Let me be clear: I think having robust conversation around challenging issues is essential to our progress as a community.

But it seems to me (and, I trust, some of you) that those conversations devolved into something worse. Instead of healthy engagement, they’ve become mud-slinging and, at times, hate-filled, tossing of opinion that make no space not just for alternate opinions, but the humanity of others. This is not the Killingly I know.


The Killingly I know is a generous one–one that helped my congregation rebuild one of the most iconic structures in the region when we couldn’t do it ourselves. The Killingly I know is one that shows up for each other when the unimaginable has happened. The Killingly I know cheers at little league games beside each other and pitches in to help each other and makes room for people who aren’t like you.

How do I know?

Because you made room for me. Here. This morning. And the folks in the community made room for me: a young  pastor with hardly any experience from Georgia who seven years ago had never heard of this little town in this little corner of this little state.

I’m not going to weigh-in on the debate right now although as a person of faith I believe before you are part of any team or any school, you are above all else God’s and it is in God that we find our meaning and our purpose and our hope. But I do want to leave you with a few things about how we engage this conversation—some on the ground advice about how to be a blessing and be decent in a troubling time for our community. I vowed to walk with this town through it all, including moments like this. So here it is. Six ways to be a blessing—to be decent—in this situation.

1) People are people first. When engaging someone you disagree with, don’t forget their humanity. It’s the thing that binds us together. Disagree with someone. Fine. Don’t demean them or make them less than they are. Remember God’s promise to Abram. “I will curse the one who curses you.” Don’t curse people; don’t bring them down. Lift them up.

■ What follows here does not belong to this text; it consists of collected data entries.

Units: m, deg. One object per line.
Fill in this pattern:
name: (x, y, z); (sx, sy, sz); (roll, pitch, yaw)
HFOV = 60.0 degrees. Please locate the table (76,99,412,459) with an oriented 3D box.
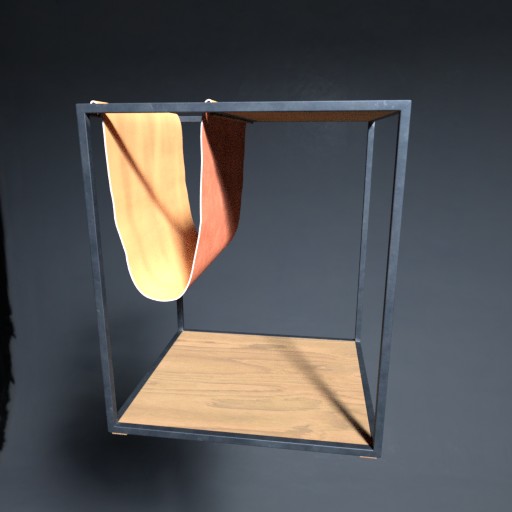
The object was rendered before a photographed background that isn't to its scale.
table: (0.000, 0.000, 0.843); (0.450, 0.536, 0.399); (2, 15, 8)
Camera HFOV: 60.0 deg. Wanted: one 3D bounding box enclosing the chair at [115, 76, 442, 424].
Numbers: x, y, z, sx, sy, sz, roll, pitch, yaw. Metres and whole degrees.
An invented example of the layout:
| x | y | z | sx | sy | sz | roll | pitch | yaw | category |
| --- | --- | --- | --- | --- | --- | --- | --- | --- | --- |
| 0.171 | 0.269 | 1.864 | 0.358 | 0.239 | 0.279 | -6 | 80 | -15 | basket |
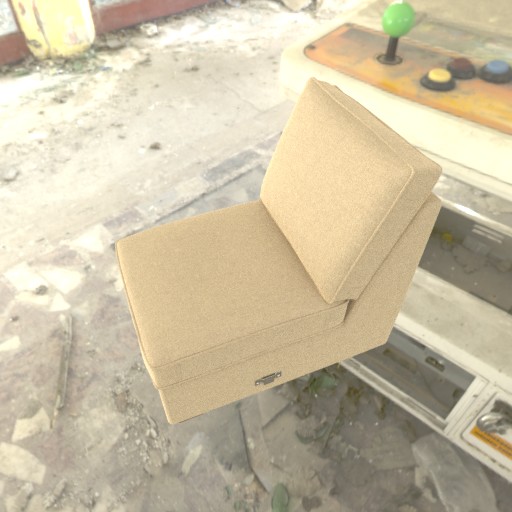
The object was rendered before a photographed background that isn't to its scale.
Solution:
| x | y | z | sx | sy | sz | roll | pitch | yaw | category |
| --- | --- | --- | --- | --- | --- | --- | --- | --- | --- |
| 0.000 | 0.000 | 1.588 | 0.938 | 0.970 | 0.621 | -17 | 48 | -15 | chair |
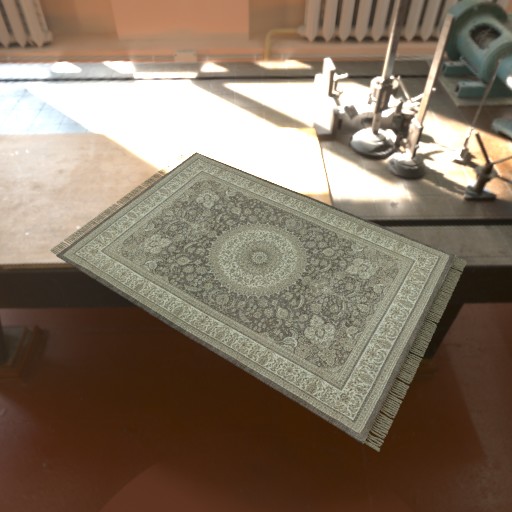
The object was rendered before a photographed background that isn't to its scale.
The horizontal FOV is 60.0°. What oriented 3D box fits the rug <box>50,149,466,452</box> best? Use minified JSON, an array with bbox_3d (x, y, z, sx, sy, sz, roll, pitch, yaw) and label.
[{"bbox_3d":[0.000,0.000,4.264,3.422,0.015,2.143,26,52,22],"label":"rug"}]
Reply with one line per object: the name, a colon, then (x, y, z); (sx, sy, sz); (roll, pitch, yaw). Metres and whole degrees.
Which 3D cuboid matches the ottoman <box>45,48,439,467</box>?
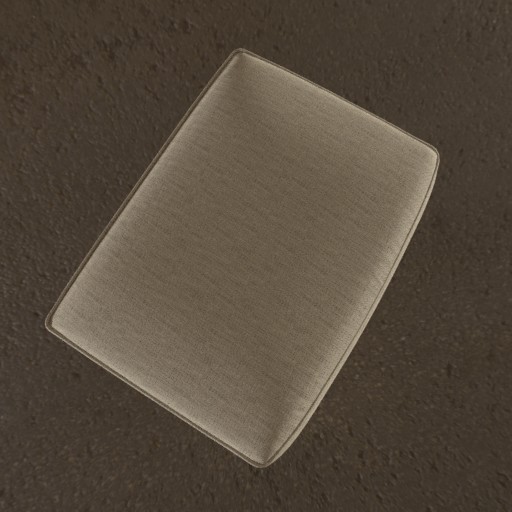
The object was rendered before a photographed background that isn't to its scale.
ottoman: (0.000, 0.000, 1.120); (0.594, 0.465, 0.794); (31, 79, 6)
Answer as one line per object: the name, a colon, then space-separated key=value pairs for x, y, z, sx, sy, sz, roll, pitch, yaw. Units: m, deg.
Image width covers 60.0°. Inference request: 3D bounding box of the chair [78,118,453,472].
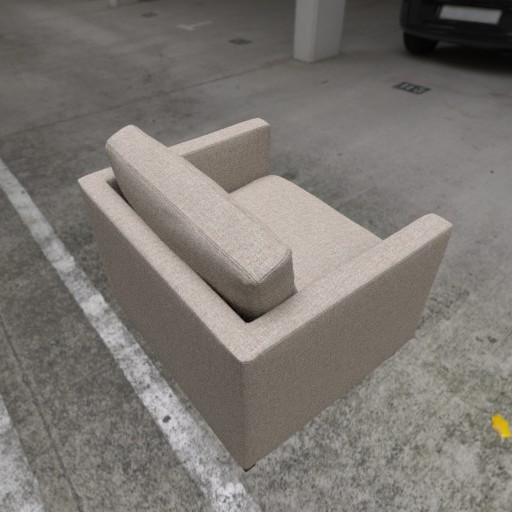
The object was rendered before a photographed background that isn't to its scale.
chair: x=0.000 y=0.000 z=1.799 sx=0.959 sy=0.961 sz=1.107 roll=-28 pitch=49 yaw=-28
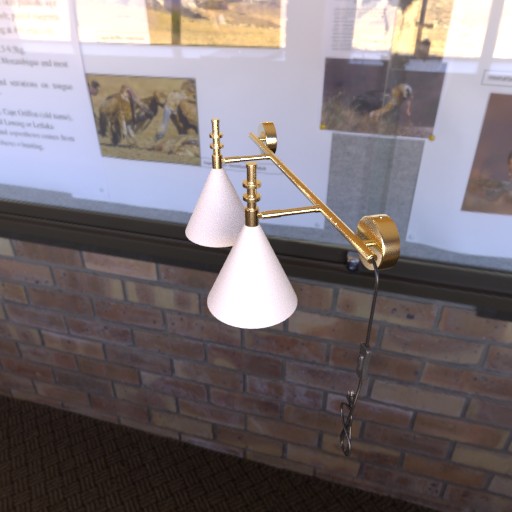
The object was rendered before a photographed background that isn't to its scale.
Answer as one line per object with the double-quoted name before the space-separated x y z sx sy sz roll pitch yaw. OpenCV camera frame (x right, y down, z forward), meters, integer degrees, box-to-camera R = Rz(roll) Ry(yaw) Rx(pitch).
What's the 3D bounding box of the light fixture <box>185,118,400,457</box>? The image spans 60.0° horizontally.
"light fixture" 0.000 0.000 0.880 0.239 0.468 0.642 -8 32 -13
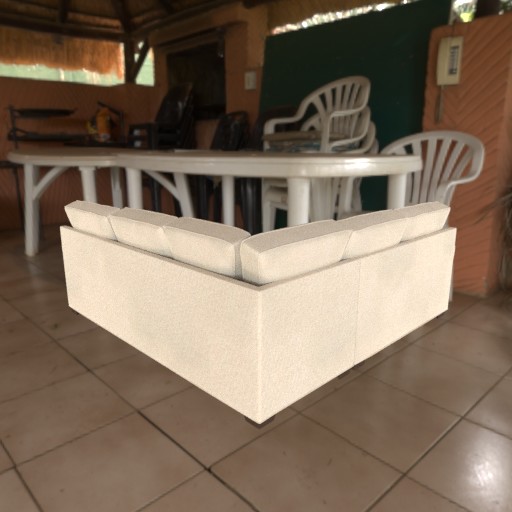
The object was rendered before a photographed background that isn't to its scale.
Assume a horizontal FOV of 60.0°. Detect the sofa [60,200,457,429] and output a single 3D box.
[{"bbox_3d":[0.000,0.000,3.955,2.487,1.054,2.569,-14,20,-43],"label":"sofa"}]
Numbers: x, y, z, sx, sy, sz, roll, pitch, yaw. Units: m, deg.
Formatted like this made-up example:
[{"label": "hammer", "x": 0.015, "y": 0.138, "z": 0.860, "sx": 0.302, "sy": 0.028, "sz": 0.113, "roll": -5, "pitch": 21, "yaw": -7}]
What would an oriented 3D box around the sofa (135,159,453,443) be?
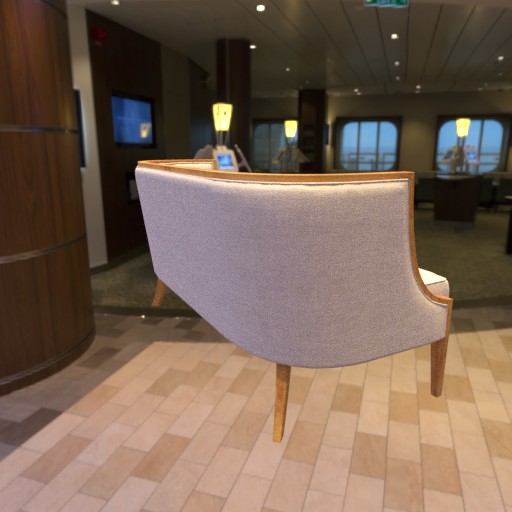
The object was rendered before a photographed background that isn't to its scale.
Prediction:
[{"label": "sofa", "x": 0.000, "y": 0.000, "z": 1.908, "sx": 0.770, "sy": 0.775, "sz": 1.474, "roll": -7, "pitch": 16, "yaw": -27}]

2) Decide what deserves your time and attention. Really fired up? Great! Go to the school board meeting. Tell them all about it. I bet they’ll be glad to hear from you. But remember that your time is a finite resource. And if you want to use it on social media arguing with people you don’t know in the comment sections of local pages, you can. But there’s more to life that proving you’re right. What would happen if you took that time and chose to love that person instead of fighting with them?

3) Pray about it. I know, I know. But I’m a pastor, and this legit helps. Christian, Jewish, Muslim, I don’t care. Taking a minute to think about whether or not you want to post a reply or escalate an argument might provide an opportunity for perspective. And asking for guidance in the next steps is never a bad idea.

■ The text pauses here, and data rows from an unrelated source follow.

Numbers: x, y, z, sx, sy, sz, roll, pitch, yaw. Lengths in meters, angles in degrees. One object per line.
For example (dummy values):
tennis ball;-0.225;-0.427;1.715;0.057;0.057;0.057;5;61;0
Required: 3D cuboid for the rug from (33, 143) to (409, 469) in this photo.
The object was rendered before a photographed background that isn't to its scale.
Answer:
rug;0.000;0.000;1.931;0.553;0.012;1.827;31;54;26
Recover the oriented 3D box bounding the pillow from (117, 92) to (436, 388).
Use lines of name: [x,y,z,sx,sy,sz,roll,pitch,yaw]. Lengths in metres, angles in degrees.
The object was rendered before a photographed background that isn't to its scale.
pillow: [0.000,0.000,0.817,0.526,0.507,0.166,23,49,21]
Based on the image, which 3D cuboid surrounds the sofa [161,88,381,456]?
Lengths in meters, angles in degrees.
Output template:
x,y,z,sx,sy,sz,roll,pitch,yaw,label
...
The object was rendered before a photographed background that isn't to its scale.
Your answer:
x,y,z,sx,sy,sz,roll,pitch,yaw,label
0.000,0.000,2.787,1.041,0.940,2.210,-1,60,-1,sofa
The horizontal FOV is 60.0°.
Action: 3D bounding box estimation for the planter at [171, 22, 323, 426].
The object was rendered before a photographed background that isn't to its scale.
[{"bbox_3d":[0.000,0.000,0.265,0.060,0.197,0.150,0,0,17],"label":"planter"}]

4) You can’t speak for others; You can speak for yourself. Many, many, many comments I’ve encountered about this situation have made assertions for entire groups of people on both sides of this issue. The truth is none of us can speak for anyone but ourselves.

5) Look for the good. There’s so much heartbreak in the world, isn’t there? There’s so much to be distraught over, to worry about, to fret over. Don’t add to it. Instead, look for the good. I see it everyday. And I bet you do, too.  Share it. Amplify it. Trumpet it. The world needs more good, more blessing; not more disdain, not more cursing.

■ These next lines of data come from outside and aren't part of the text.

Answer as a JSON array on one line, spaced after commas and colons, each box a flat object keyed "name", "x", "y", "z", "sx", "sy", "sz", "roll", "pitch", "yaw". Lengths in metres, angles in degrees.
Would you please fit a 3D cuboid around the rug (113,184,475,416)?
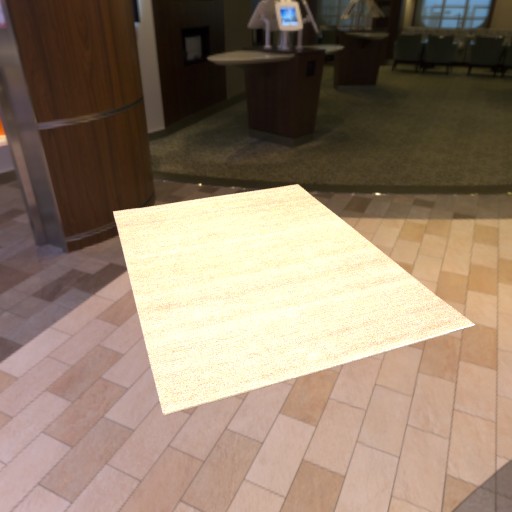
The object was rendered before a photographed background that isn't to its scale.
[{"name": "rug", "x": 0.000, "y": 0.000, "z": 4.409, "sx": 2.467, "sy": 0.046, "sz": 3.245, "roll": -11, "pitch": 32, "yaw": -18}]
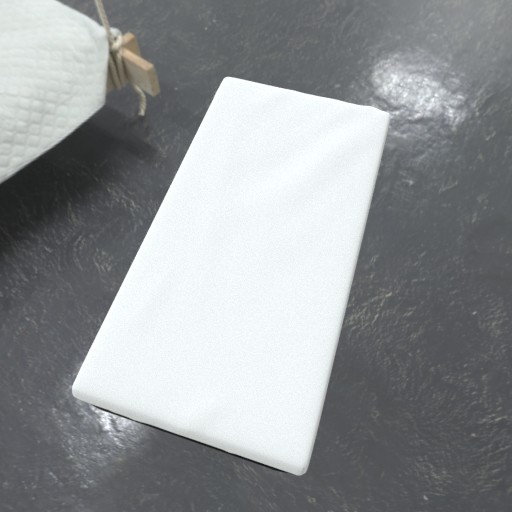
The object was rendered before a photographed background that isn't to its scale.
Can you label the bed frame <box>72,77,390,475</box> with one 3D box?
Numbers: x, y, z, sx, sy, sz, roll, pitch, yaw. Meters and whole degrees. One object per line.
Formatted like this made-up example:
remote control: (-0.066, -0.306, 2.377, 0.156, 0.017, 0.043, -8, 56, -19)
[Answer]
bed frame: (0.000, 0.000, 2.338, 0.989, 0.619, 1.903, 16, 64, 8)
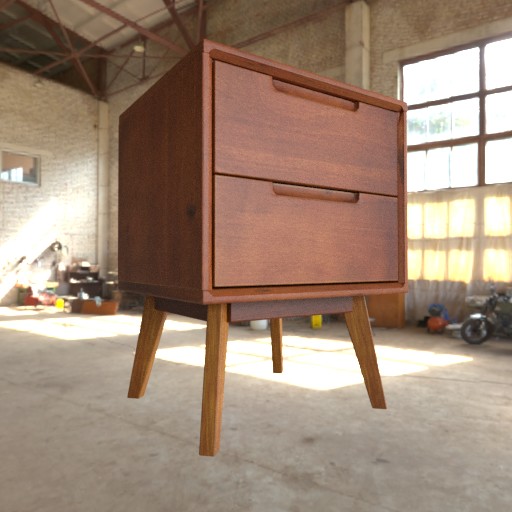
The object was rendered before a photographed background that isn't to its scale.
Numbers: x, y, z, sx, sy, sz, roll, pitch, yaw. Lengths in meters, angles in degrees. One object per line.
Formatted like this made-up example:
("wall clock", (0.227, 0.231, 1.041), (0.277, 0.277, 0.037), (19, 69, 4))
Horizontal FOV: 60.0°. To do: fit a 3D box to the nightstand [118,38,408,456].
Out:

6) Be kind. The truth is that we’re in the together. People are watching. Our kids are watching. Make them proud.

I know you didn’t come here for a lecture, and I don’t mean it to be. But the truth is that there are innumerable situations that we can’t do a thing about—countless circumstances that our decency or blessing won’t make a bit of difference in.

But there are some. And for the things we can care for, we must.

So that which is beyond our control, we give it to God. And the things within our control, we ask God to use us, to make us a channel of his peace, and—as my father-in-law reminds me all the time— try to be a blessing. Amen.